Entries taken from a collection:
★ ★ ★

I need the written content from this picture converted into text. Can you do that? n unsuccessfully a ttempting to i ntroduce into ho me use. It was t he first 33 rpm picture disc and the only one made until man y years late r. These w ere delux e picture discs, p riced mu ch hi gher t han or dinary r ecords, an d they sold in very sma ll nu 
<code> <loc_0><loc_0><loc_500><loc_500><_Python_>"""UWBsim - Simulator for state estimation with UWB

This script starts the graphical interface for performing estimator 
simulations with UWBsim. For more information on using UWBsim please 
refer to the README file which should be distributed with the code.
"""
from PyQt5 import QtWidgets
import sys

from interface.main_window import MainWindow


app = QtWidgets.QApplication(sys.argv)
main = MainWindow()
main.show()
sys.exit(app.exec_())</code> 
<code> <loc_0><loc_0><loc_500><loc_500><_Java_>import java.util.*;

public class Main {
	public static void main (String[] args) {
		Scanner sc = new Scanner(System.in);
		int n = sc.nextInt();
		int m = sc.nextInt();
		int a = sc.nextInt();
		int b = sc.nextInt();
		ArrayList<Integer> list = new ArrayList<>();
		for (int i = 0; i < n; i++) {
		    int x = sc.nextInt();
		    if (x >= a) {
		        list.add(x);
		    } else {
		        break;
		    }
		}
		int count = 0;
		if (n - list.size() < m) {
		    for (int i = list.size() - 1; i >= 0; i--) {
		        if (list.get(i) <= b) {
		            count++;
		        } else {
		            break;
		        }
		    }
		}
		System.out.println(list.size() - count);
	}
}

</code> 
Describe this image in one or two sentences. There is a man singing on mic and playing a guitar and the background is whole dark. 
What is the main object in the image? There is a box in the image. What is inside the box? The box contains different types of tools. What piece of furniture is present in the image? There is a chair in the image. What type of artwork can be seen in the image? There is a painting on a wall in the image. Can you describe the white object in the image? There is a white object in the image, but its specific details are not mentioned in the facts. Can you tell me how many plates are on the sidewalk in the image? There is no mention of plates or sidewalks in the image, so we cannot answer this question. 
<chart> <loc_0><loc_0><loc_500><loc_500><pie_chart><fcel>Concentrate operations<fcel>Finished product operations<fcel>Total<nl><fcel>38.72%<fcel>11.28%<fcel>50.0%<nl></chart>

★ ★ ★

* **Work task**: Please state only the number of lines above that hold the string "There".

* **Answer to this problem**: 2